The Tanzania Shilling’s stability in May 2025 is supported by several factors related to debt management and economic performance:
Despite these stabilizing factors, the Shilling experienced a 3.86% annual depreciation against the USD, trading at TZS 2,884.42 per USD in April 2025. This depreciation, though improved from the previous month, reflects pressures from external debt servicing and import demands. The high USD denomination of external debt (67.7%) exacerbates these pressures, as a depreciating Shilling increases the local currency cost of debt servicing by approximately TZS 2.37 trillion for the USD 34.1 billion external debt, based on a 2.6% depreciation rate.
The BoT’s interventions in the Interbank Foreign Exchange Market (IFEM) have been critical to maintaining the Shilling’s stability. In January 2025, the BoT sold USD 7 million to stabilize the exchange rate, preventing excessive depreciation amid a 1.37% month-on-month weakening of the Shilling (from TZS 2,420.84 to TZS 2,454.04 per USD). Similar interventions likely occurred in April and May 2025, as the document notes that seasonal inflows from cash crops and gold exports, combined with BoT actions, mitigated depreciation pressures.

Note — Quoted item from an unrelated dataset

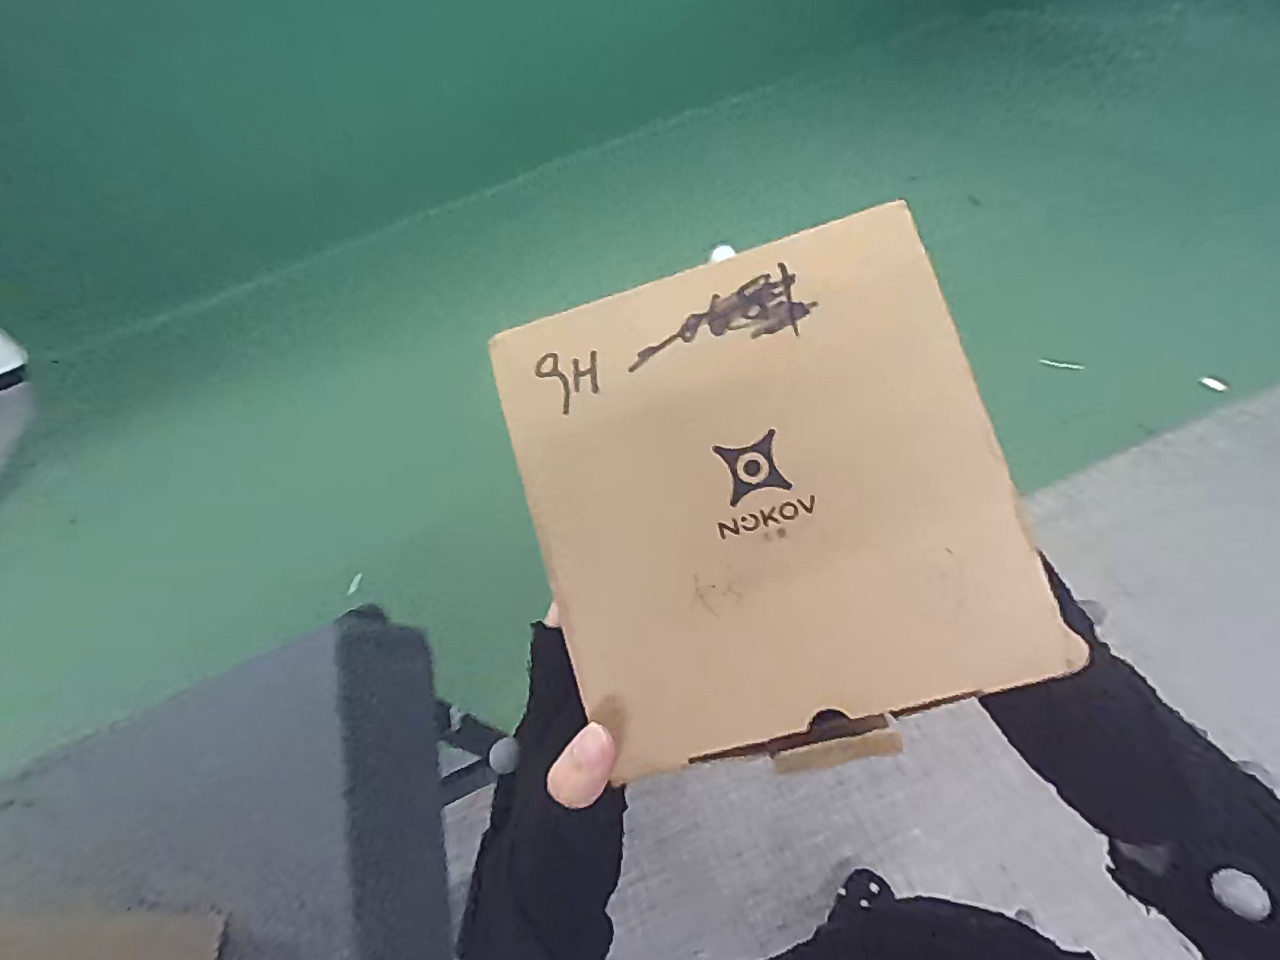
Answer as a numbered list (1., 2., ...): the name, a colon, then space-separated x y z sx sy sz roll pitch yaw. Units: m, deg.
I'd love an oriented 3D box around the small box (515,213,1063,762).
1. small box: 0.058 0.007 0.282 0.168 0.176 0.179 -16 85 5

However, IFEM transactions declined significantly from USD 95.7 million in December 2024 to USD 16.3 million in January 2025, suggesting reduced market activity, possibly due to lower trade or investor participation.
These interventions, supported by adequate reserves, have ensured short-term stability, with the Shilling appreciating by 2.6% year-on-year from January 2024 to January 2025. The BoT’s ability to intervene is bolstered by improved current account performance, with the deficit narrowing by 31.1% to USD 2,021.5 million in the year ending January 2025, driven by strong export earnings and moderate import growth.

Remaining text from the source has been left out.